### Dataset records
_ _ _ _ _ _ _

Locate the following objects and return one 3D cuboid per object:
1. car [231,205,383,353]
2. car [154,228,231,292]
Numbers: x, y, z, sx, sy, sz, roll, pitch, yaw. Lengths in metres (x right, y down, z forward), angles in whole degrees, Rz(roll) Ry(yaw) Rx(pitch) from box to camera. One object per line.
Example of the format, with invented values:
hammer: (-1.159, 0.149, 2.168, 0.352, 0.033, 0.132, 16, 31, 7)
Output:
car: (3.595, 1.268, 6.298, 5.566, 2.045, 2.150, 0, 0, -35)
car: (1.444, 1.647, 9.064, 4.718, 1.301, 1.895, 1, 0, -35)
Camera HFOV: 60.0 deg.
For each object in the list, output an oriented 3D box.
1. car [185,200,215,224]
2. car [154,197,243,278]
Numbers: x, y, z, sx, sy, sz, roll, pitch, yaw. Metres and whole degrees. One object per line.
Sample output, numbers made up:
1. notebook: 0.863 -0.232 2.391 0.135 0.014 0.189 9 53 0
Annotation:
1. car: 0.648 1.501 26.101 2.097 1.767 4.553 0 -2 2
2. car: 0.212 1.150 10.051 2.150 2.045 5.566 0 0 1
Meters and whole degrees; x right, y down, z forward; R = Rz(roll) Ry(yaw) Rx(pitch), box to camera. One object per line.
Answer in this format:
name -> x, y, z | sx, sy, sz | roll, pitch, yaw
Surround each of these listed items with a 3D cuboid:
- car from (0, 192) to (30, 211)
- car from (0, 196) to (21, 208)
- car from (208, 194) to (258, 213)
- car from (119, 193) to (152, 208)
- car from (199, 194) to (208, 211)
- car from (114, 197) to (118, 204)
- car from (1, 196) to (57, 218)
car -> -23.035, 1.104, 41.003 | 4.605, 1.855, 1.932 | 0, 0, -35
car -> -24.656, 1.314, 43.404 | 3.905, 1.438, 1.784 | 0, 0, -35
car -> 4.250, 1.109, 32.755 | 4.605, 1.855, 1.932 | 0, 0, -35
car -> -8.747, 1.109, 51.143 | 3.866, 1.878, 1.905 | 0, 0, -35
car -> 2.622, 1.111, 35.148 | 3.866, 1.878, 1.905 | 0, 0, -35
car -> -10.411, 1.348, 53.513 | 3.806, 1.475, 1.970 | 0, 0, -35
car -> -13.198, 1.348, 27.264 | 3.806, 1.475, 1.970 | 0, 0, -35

_ _ _ _ _ _ _

### ASSIGNMENT
May I have all of the records repeated exactly?

### TASK SOLUTION
Locate the following objects and return one 3D cuboid per object:
1. car [231,205,383,353]
2. car [154,228,231,292]
Numbers: x, y, z, sx, sy, sz, roll, pitch, yaw. Lengths in metres (x right, y down, z forward), angles in whole degrees, Rz(roll) Ry(yaw) Rx(pitch) from box to camera. One object per line.
Example of the format, with invented values:
hammer: (-1.159, 0.149, 2.168, 0.352, 0.033, 0.132, 16, 31, 7)
Output:
car: (3.595, 1.268, 6.298, 5.566, 2.045, 2.150, 0, 0, -35)
car: (1.444, 1.647, 9.064, 4.718, 1.301, 1.895, 1, 0, -35)
Camera HFOV: 60.0 deg.
For each object in the list, output an oriented 3D box.
1. car [185,200,215,224]
2. car [154,197,243,278]
Numbers: x, y, z, sx, sy, sz, roll, pitch, yaw. Metres and whole degrees. One object per line.
Sample output, numbers made up:
1. notebook: 0.863 -0.232 2.391 0.135 0.014 0.189 9 53 0
Annotation:
1. car: 0.648 1.501 26.101 2.097 1.767 4.553 0 -2 2
2. car: 0.212 1.150 10.051 2.150 2.045 5.566 0 0 1
Meters and whole degrees; x right, y down, z forward; R = Rz(roll) Ry(yaw) Rx(pitch), box to camera. One object per line.
Answer in this format:
name -> x, y, z | sx, sy, sz | roll, pitch, yaw
Surround each of these listed items with a 3D cuboid:
- car from (0, 192) to (30, 211)
- car from (0, 196) to (21, 208)
- car from (208, 194) to (258, 213)
- car from (119, 193) to (152, 208)
- car from (199, 194) to (208, 211)
- car from (114, 197) to (118, 204)
- car from (1, 196) to (57, 218)
car -> -23.035, 1.104, 41.003 | 4.605, 1.855, 1.932 | 0, 0, -35
car -> -24.656, 1.314, 43.404 | 3.905, 1.438, 1.784 | 0, 0, -35
car -> 4.250, 1.109, 32.755 | 4.605, 1.855, 1.932 | 0, 0, -35
car -> -8.747, 1.109, 51.143 | 3.866, 1.878, 1.905 | 0, 0, -35
car -> 2.622, 1.111, 35.148 | 3.866, 1.878, 1.905 | 0, 0, -35
car -> -10.411, 1.348, 53.513 | 3.806, 1.475, 1.970 | 0, 0, -35
car -> -13.198, 1.348, 27.264 | 3.806, 1.475, 1.970 | 0, 0, -35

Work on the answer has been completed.